A year ago, pressure cookers packed with steel nuts were used as a bomb with which to terrorize Manhattan’s busy Chelsea neighborhood. On Monday October 2nd, the trial against Ahmad Khan Rahimi, the man accused of setting off the bombs in New Jersey and New York has commenced. The 29-year-old Afghan-born United States citizen from Elizabeth, NJ, has pleaded not guilty.

As reported by the NY Times, prosecutors will use evidence from the defendant’s internet searches, phone videos, text messages, and a personal notebook from his pocket with references to “Brother Osama bin Laden”. Though no one was killed in the attacks, 31 people were injured. A few of the injured victims are expected to testify at the trial, and to tell the horrors of glass and metal fragments which pierced their bodies, as well as their peace of mind. It is anticipated that the prosecution will remind the jury how lucky NY was, that only one out of the four bombs exploded as intended. The perpetrator had hoped and planned for a much larger scale of disaster. 

On Sept. 17, 2016 at 9:35 A.M., a loud explosion tore apart a trash can in the town of Seaside Park, N.J., at the finish line of a United States Marine Corps charity race. Thankfully, there was no one nearby, because the race was delayed.

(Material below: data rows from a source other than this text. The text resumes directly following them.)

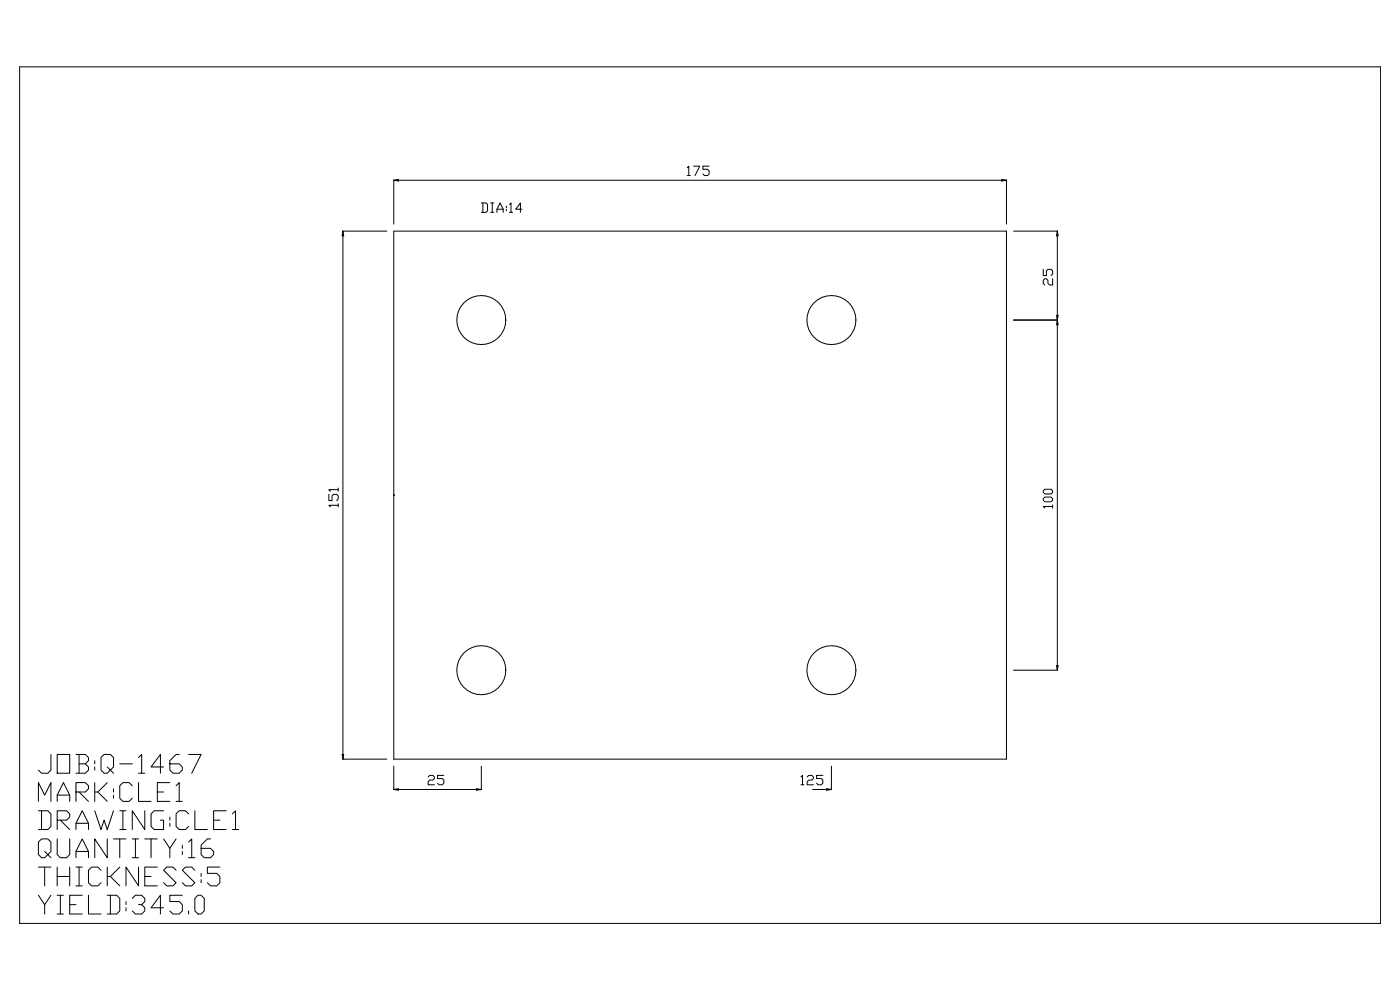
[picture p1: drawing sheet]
<svg xmlns="http://www.w3.org/2000/svg" width="420mm" height="297mm" viewBox="0 0 420 297" stroke-linecap="round" stroke-linejoin="round" font-family="sans-serif">
<g fill="none" stroke="#000" stroke-width=".3">
<path d="M5.9 20h408.1v256.9h-408.1zM118.1 54v13.2M118.1 54h183.7M118.1 54l1.4-.2v.5zM206.1 50.3l.5-.5v2.8M206.1 52.6h.9M208 49.8h1.8l-1.4 2.8M212.7 49.8h-1.9v1h1.4l.5 .4v1l-.5 .4h-.9l-.5-.4M300.4 53.8l1.4 .2-1.4 .3zM301.8 54v13.2M102.8 69.3h13.2M102.8 69.3v158.3"/>
<path d="M102.8 69.3l.3 1.4h-.5zM118.1 69.3h183.7v158.3h-183.7zM144.3 60.9h1.4l.5 .4v1.9l-.5 .5h-1.4M144.8 60.9v2.8M147.2 60.9h.9M147.2 63.7h.9M147.6 60.9v2.8M149 63.7v-1l1-1.8 .9 1.8v1M149 62.7h1.9M151.8 61.8v.5M151.8 62.7v.5M152.8 61.3l.5-.4v2.8"/>
<path d="M152.8 63.7h.9M156.5 62.7h-1.8l1.4-1.8v2.8M303.9 69.3h13.2M317.1 69.3l.2 1.4h-.4zM317.1 69.3v131.7M303.9 96h13.2M312.9 80.8v1.8h.9v-1.4l.5-.4h.9l.5 .4v1l-.5 .4M315.7 83.6v1.9h-1l-.4-.5v-1l-.5-.4h-.5l-.4 .4v1l.4 .5M316.9 94.6h.4l-.4 2.8h.4zM98.6 148.2v1.9h1v-1.4l.4-.5h1l.4 .5v.9l-.4 .5M101.4 151.5h-2.8l.5 .5M101.4 146.8h-2.8l.5 .5"/>
<path d="M101.4 146.4v.9M101.4 151v1M118 148.5h.2M118.2 148.5h-.1M312.9 149.5l.4-.4h1.9l.5 .4v.5l-.5 .5h-1.9l-.4-.5zM313.3 146.7h1.9l.5 .5v.4l-.5 .5h-1.9l-.4-.5v-.4zM315.7 151.9h-2.8l.4 .4M315.7 151.4v.9M316.9 199.6h.4l-.2 1.4zM303.9 201h13.2M15.3 226.2v4.7l-1 1h-1.8l-1-1M17.1 226.2h3.8v5.7h-3.8z"/>
<path d="M17.1 238.4h3.8M22.8 237.5h2.8l.9-1v-.9l-.9-.9h-2.8v5.6M22.8 226.2h2.8l.9 1v.9l-.9 .9M23.7 229h1.9l.9 1v.9l-.9 1h-2.8M23.7 226.2v5.7M23.7 237.5l2.8 2.8M28.4 228.1v.9M28.4 230v.9M28.4 234.7v5.6M29.3 237.5l2.9 2.8M32.2 234.7l-2.9 2.8h-.9M32.2 230l.9 .9-.9 1h-1l-.9-1v-3.7l.9-1h1.9l.9 1v2.8l-.9 .9 .9 1"/>
<path d="M34 236.5v1M34 238.4v1M35.9 229h3.8M39.7 235.6l-1-.9h-1.8l-1 .9v3.8l1 .9h1.8l1-.9M41.5 234.7v5.6h3.8M41.5 227.2l1-1v5.7M41.5 231.9h1.9M47.2 237.5h1.9M49.1 230h-3.8l2.8-3.8v5.7M50.9 234.7h-3.7v5.6h3.7M52.8 235.6l.9-.9v5.6M53.7 226.2h-.9l-1.9 1.9v2.8l1 1h1.8l1-1v-.9l-1-1h-2.8"/>
<path d="M56.6 226.2h3.7l-2.8 5.7M102.6 226.2h.5l-.3 1.4zM102.8 227.6h13.2M118.1 229.7v7.1M118.1 236.7l1.4-.2v.5zM118.1 236.7h26.2M128.4 233l.5-.5h.9l.5 .5v.4l-.5 .5h-.9l-.5 .5v.9h1.9M133.1 232.5h-1.9v.9h1.4l.5 .5v1l-.5 .4h-.9l-.5-.4M142.9 236.5l1.4 .2-1.4 .3zM144.3 229.7v7.1M240.2 233l.5-.5v2.8M240.2 235.3h.9"/>
<path d="M242.1 233l.4-.5h1l.4 .5v.4l-.4 .5h-1l-.4 .5v.9h1.8M243.7 236.7h5.6M246.8 232.5h-1.9v.9h1.4l.5 .5v1l-.5 .4h-1l-.4-.4M247.9 236.5l1.4 .2-1.4 .3zM249.3 229.7v7.1M11.5 243.1h2.8l1 1v3.7l-1 .9h-2.8M11.5 240.3v-5.6l1.9 3.7 1.9-3.7v5.6M12.5 243.1v5.6M13.4 255.3l.9 1-.9 .9h-.9l-1-.9v-3.8l1-.9h1.8l1 .9v2.8l-1 1 1 .9M17.1 251.6v4.7l1 .9h1.9l.9-.9v-4.7M17.1 245.9h2.9l.9-.9v-.9l-.9-1h-2.9v5.6M17.1 240.3v-1.9l1.9-3.7 1.9 3.7v1.9"/>
<path d="M18.1 245.9l2.8 2.8M22.8 257.2v-1.9l1.9-3.7 1.8 3.7v1.9M22.8 248.7v-1.8l1.9-3.8 1.8 3.8v1.8M22.8 255.3h3.7M22.8 246.9h3.7M28.4 243.1l1.9 5.6 .9-2.8 1 2.8 1.8-5.6M32.2 251.6v5.6l-3.8-5.6v5.6M34 251.6h3.8M35.9 251.6v5.6M35.9 243.1h1.9M35.9 248.7h1.9M36.9 243.1v5.6"/>
<path d="M39.7 251.6h1.8M39.7 257.2h1.8M40.6 251.6v5.6M43.4 243.1v5.6l-3.7-5.6v5.6M43.4 251.6h3.8M45.3 251.6v5.6M49.1 251.6l1.8 2.8v2.8M49.1 243.1h-2.9l-.9 1v3.7l.9 .9h2.9v-2.8h-1M50.9 245v.9M50.9 246.9v.9M52.8 251.6l-1.9 2.8M52.8 240.3h1.9"/>
<path d="M54.7 253.4v1M54.7 255.3v1M56.6 252.5l.9-.9v5.6M56.6 244.1l-1-1h-1.9l-.9 1v3.7l.9 .9h1.9l1-.9M56.6 257.2h1.8M58.4 243.1v5.6h3.8M63.1 251.6h-.9l-1.9 1.8v2.9l1 .9h1.8l1-.9v-1l-1-.9h-2.8M64.1 245.9h1.8M67.8 243.1h-3.7v5.6h3.7M69.7 244.1l.9-1v5.6M69.7 248.7h1.9M11.5 268.4l1.9 2.9v2.8"/>
<path d="M11.5 260h3.8M13.4 260v5.6M15.3 268.4l-1.9 2.9M17.1 268.4h1.9M17.1 274.1h1.9M17.1 260v5.6M17.1 262.8h3.8M18.1 268.4v5.7M20.9 271.3h1.9M20.9 260v5.6M22.8 260h1.9M22.8 265.6h1.9"/>
<path d="M23.7 260v5.6M24.7 268.4h-3.8v5.7h3.8M26.5 268.4v5.7h3.8M30.3 260.9l-1-.9h-1.8l-1 .9v3.8l1 .9h1.8l1-.9M32.2 268.4h2.8l.9 1v3.7l-.9 1h-2.8M32.2 260v5.6M33.1 268.4v5.7M33.1 262.8l2.8 2.8M35.9 260l-2.8 2.8h-.9M37.8 270.3v1M37.8 272.2v.9M39.7 269.4l.9-1h1.9l.9 1v.9l-.9 1h-1"/>
<path d="M41.5 260v5.6l-3.7-5.6v5.6M42.5 271.3l.9 .9v.9l-.9 1h-1.9l-.9-1M43.4 262.8h1.9M47.2 260h-3.8v5.6h3.8M49.1 272.2h-3.8l2.8-3.8v5.7M52.8 260.9l-.9-.9h-1.9l-.9 .9 3.7 3.8-.9 .9h-1.9l-.9-.9M54.7 268.4h-3.8v1.9h2.8l1 1v1.8l-1 1h-1.8l-1-1M56.6 273.1v1M58.4 260.9l-.9-.9h-1.9l-.9 .9 3.7 3.8-.9 .9h-1.9l-.9-.9M59.4 268.4h.9l1 1v3.7l-1 1h-.9l-1-1v-3.7zM60.3 261.9v.9M60.3 263.8v.9"/>
<path d="M65.9 260h-3.7v1.9h2.8l.9 .9v1.9l-.9 .9h-1.9l-.9-.9"/>
<circle cx="144.3" cy="96" r="7.3"/>
<circle cx="249.3" cy="96" r="7.3"/>
<circle cx="118.1" cy="148.5" r=".1"/>
<circle cx="144.3" cy="201" r="7.3"/>
<circle cx="249.3" cy="201" r="7.3"/>
</g>
</svg>

That evening, a much larger blast ripped through a Dumpster in Chelsea on West 23rd Street, throwing the heavy trash container up 120 feet into the air, sending pedestrians running for their lives.  Four blocks away, on West 27th Street, police did a great job finding and disarming a similar device, on which they found a dozen fingerprints which matched Rahimi’s. Another backpack carrying pipe bombs was discovered in the Elizabeth, N.J. train station. Only two days after the terror had begun, police identified the suspect, publicized his photo and found him based on a tip.  Two police officers were wounded in the shootout to capture Rahimi, who was also wounded.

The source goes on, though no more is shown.